Byłoby znacznie lepiej, gdyby użytkownicy mieli opcję udostępnienia swojej lokalizacji tylko tym, których" obserwują "lub którzy śledzą ich na Twitterze, lub wybrał ręcznie wybrane kontakty.

Ważne będzie również, aby Twitter dokładnie monitorował, w jaki sposób programiści używają danych o lokalizacji gromadzonych przez ich aplikacje. "Obszarem, który najbardziej mnie interesuje w tym momencie, jest sposób wykorzystania danych - powiedział Strellner.

Aplikacje żądające danych geolokalizacyjnych powinny uzyskać zgodę Twittera przed uzyskaniem dostępu do niego, powiedział. "To pozwoliłoby Twitterowi blokować aplikacje wykorzystujące te dane w sposób, który mógłby być złośliwy."

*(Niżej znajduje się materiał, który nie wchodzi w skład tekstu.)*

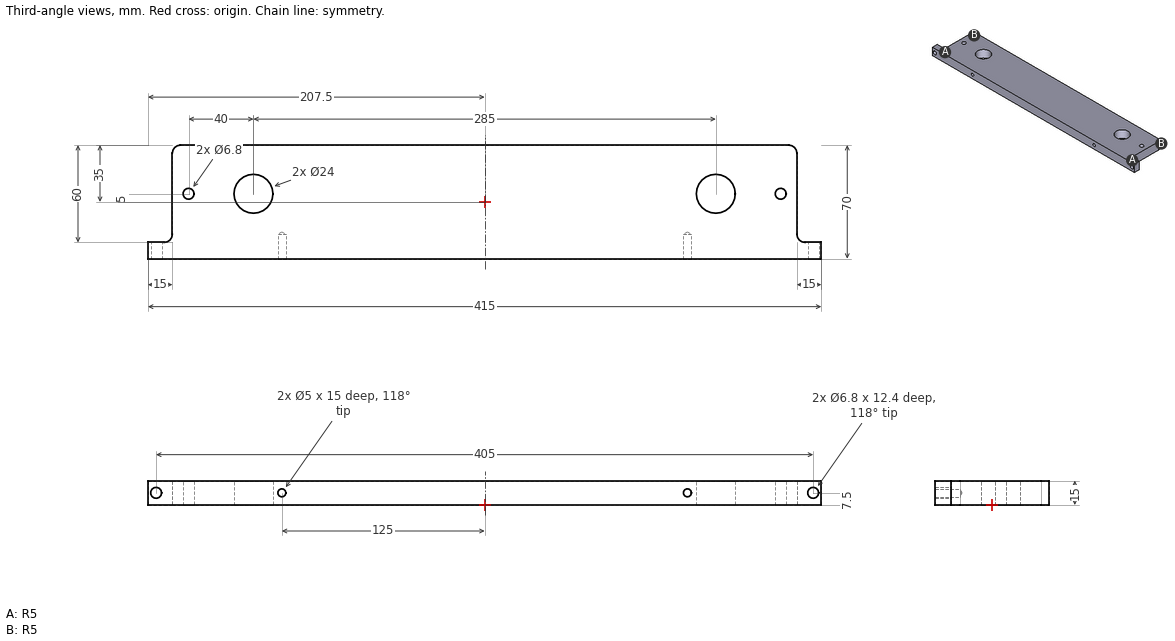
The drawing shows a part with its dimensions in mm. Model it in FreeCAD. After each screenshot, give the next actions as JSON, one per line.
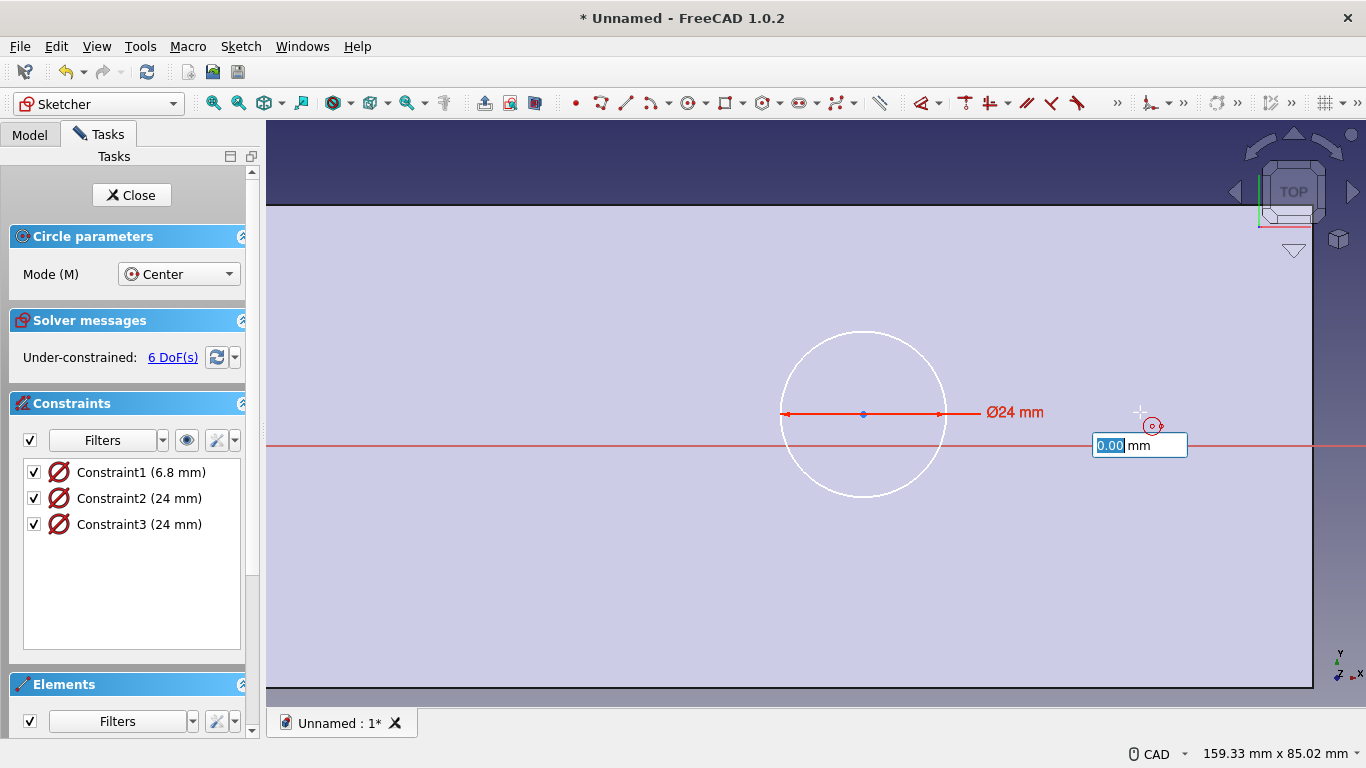
{"action": "scroll", "coordinate": [1031, 414], "scroll_direction": "down", "scroll_amount": 7}

Crowley, założyciel mobilnej sieci społecznościowej Dodgeball, którą Google nabył w 2005 roku, przyznaje, że usługi lokalizacyjne są trudne do zaprojektowania, aby użytkownicy czuli się z nimi komfortowo, ale czuje się pewnie, że Twitter to naprawi.

"Twitter będzie z tym naprawdę ostrożny. Wiedzą, co robią. Wykonują wszystkie właściwe ruchy, "powiedział Crowley.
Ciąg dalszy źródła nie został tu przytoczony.